Problem 5: Answer each question below.

 $\overline{\mathbf{V}}$ 

(a) One way to improve the performance of an implementation is to redesign the processor so that it uses more stages. Increasing the number of stages beyond five will yield a big improvement in performance, but at some point adding stages will have little effect. (5 pts)

Give a reason for this limit having to do with the pipeline latches.

Signals must remain stable a certain amount of time at the input to a pipeline latch. In a five stage implementation the total time to execute an instruction includes five of these delays. With more stages there will be more delay, and eventually this will be a majority of the time needed to execute an instruction. One place this delay is seen is in misprediction recovery.

Give a reason for this limit having to do with program characteristics.

If a functional unit is split across multiple stages then an instruction closely following and dependent on one using the unit must stall on a statically scheduled implementation. Adding stages will only add stalls in such cases. This limiter of performance gain is more severe for programs with more close dependencies. (If there are few close dependencies then there would be fewer stalls.) The limit also applies to dynamically scheduled systems in which the rate at which instructions commit would not increase linearly with higher clock frequency when there are enough dependencies.

(b) An instruction does not raise precise exceptions (because the ISA says it does not have to). (5 pts)

Name something its handler cannot do (but could do if the exception were precise).

It cannot resume execution at the instruction immediately following the faulting instruction, nor can it re-execute the instruction itself. This is because if exceptions are not precise the handler might be called when the program executes several instructions past the faulting instruction.

(c) The code below uses an indirect load. Re-write it using MIPS instructions. (5 pts)

lw r1, @(r2) # Load using indirect addressing.

# Solution.
lw r1, 0(r2)
lw r1, 0(r1)

(d) Every integer instruction that reads a GPR uses the rs and rt fields (or just one of them). What would be the disadvantage of a modified ISA in which some instructions use other fields to specify GPR source registers? (5 pts)

Multiplexors would be needed at the register file read ports to select the correct field for the instruction being decoded.

(e) Consider two options for the design of a load/store unit (LSU) for a dynamically scheduled system. The aggressive option would execute the code below quickly, while the conservative option would execute it more slowly. *Hint: the conservative option is how the LSU was described in class. Note: The original problem used* r1 for the address, which was not intended, but the answer with r1 is similar.

(5 pts)

div.d f2, f4, f6 sw r1, 0(r9) sh r2, 0(r9) sb r3, 0(r9) lw r4, 0(r9)

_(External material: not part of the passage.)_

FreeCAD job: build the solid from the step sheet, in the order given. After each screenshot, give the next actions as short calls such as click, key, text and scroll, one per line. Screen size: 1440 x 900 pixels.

What is it about that code that requires special treatment?

The value to load is spread across three stores, bits 31:24 from the store byte, bits 23:16 from the sh, and bits 15:0 from the sw (assuming big-endian byte ordering).

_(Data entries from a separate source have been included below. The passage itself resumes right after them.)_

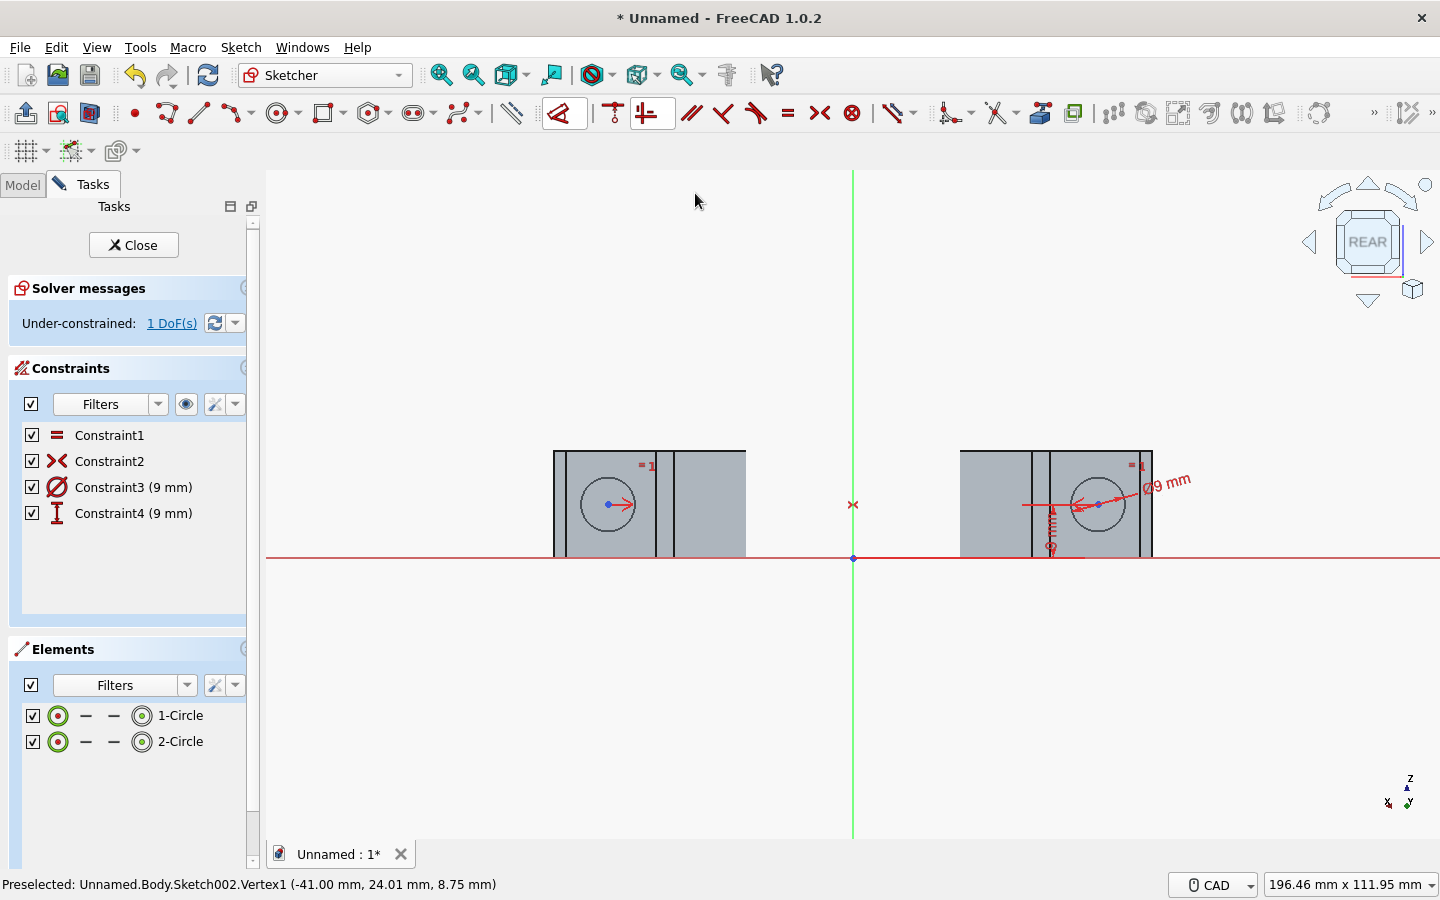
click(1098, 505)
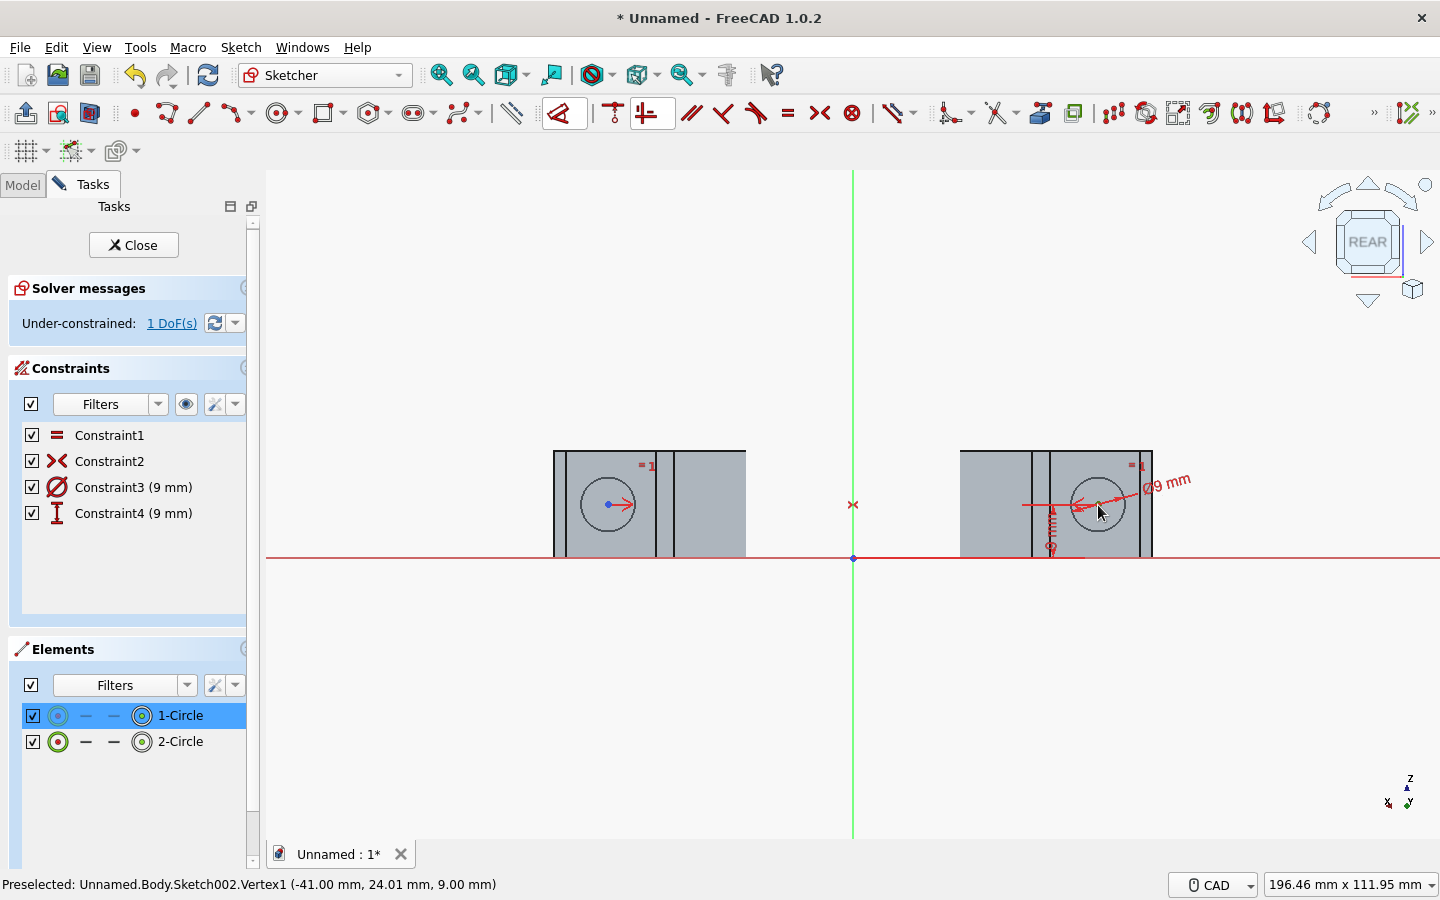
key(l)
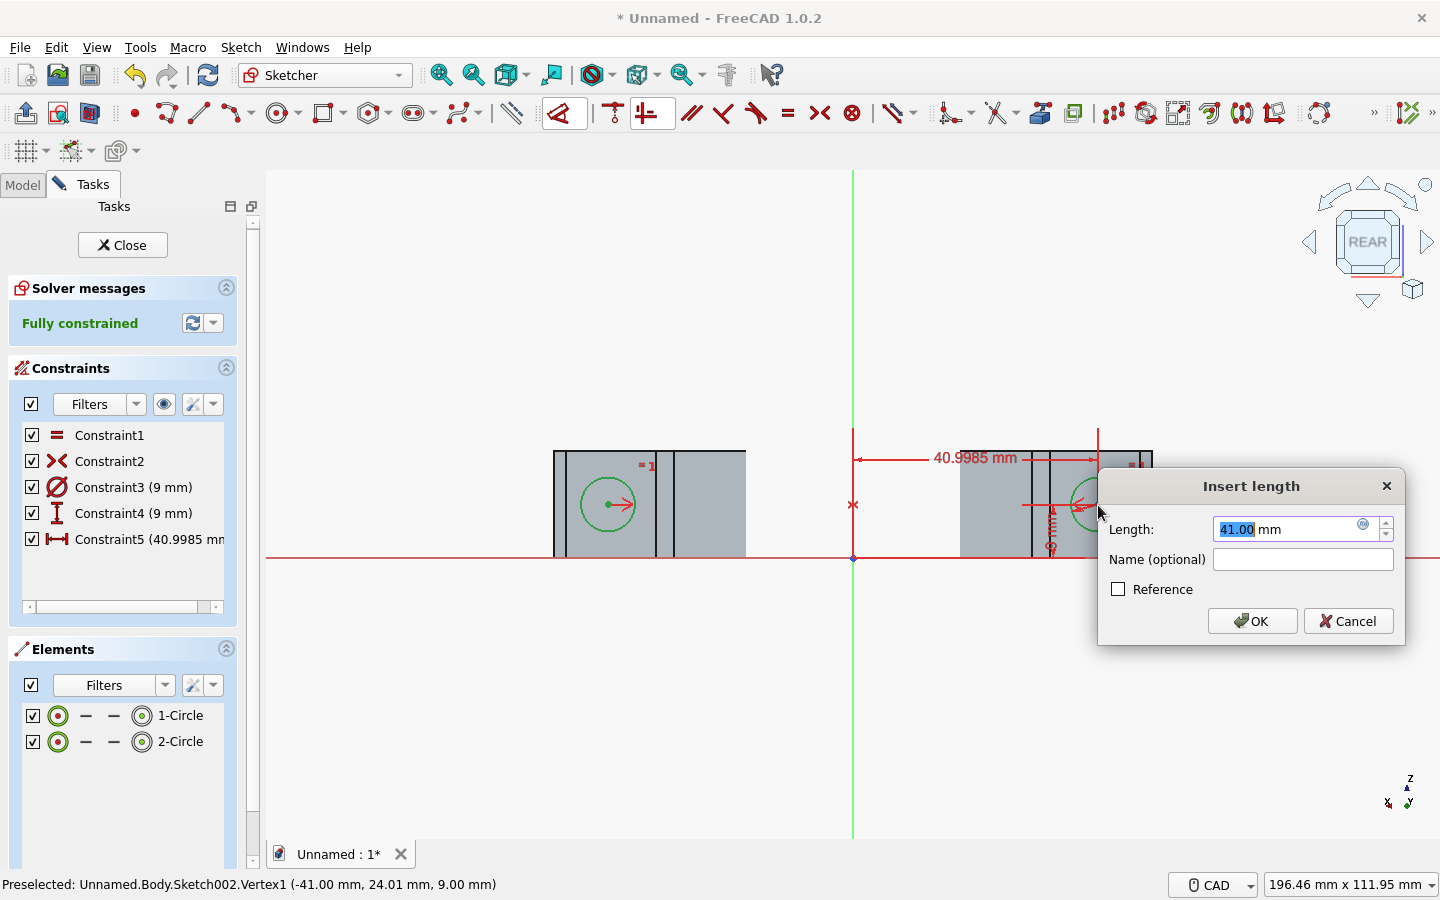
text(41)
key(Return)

 $\checkmark$  Describe how the aggressive option would execute the code.

An aggressive LSU would combine the data from the three stores when bypassing to the load.

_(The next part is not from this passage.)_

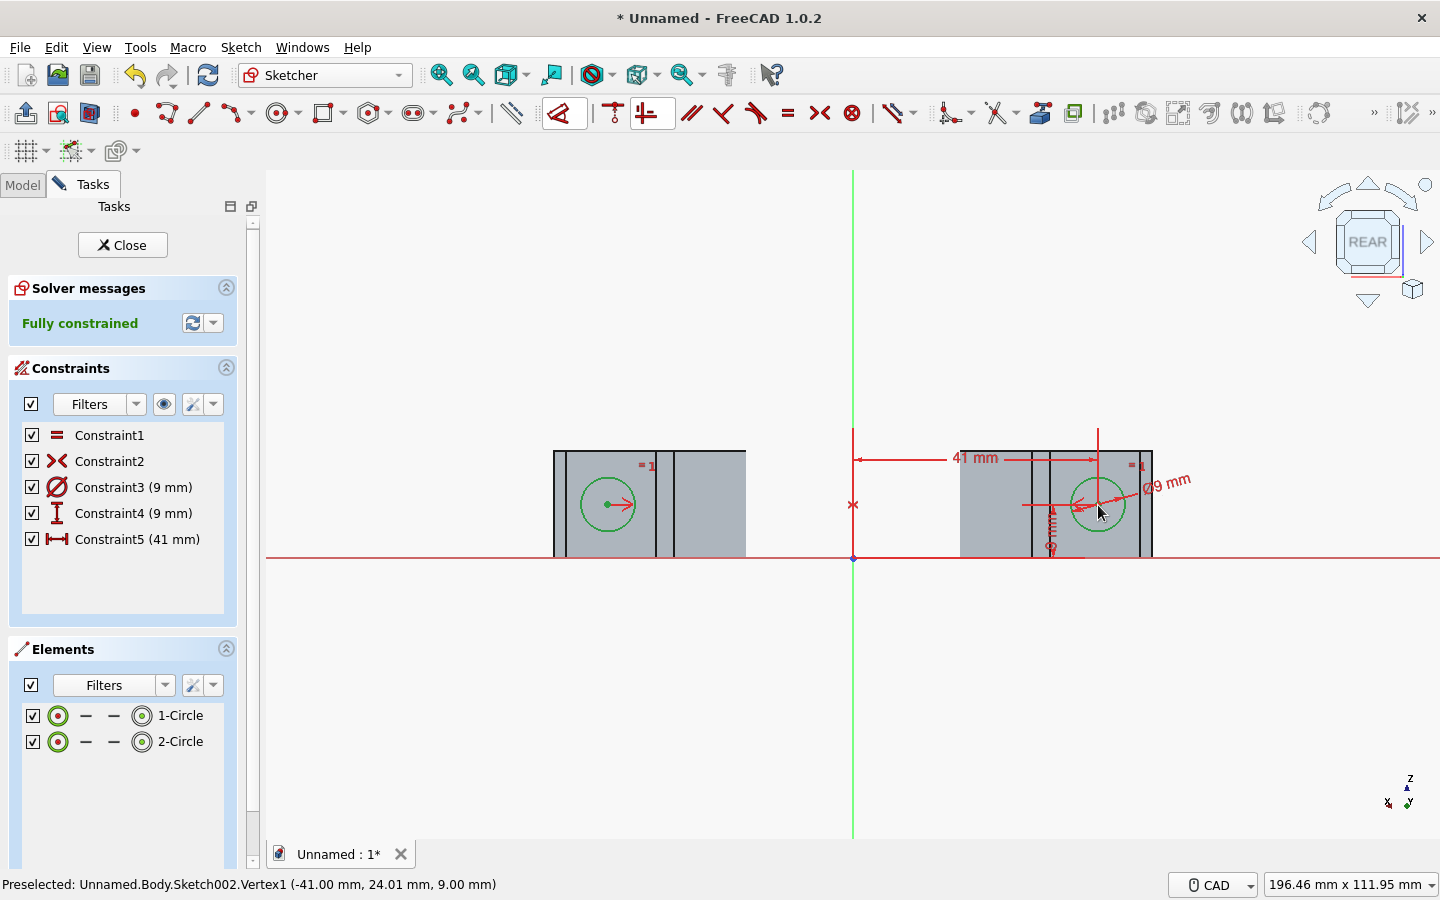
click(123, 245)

Give a brief argument for the conservative option, feel free to include made-up data (for the purposes of this test only!).

Studies show that only 1% of loads [warning, made up data] get their data from multiple stores (as in the example above). The cost of implementing an LSU that can handle such rare cases is high and so it is not worth implementing. The conservative solution would be cheaper and would be almost as fast.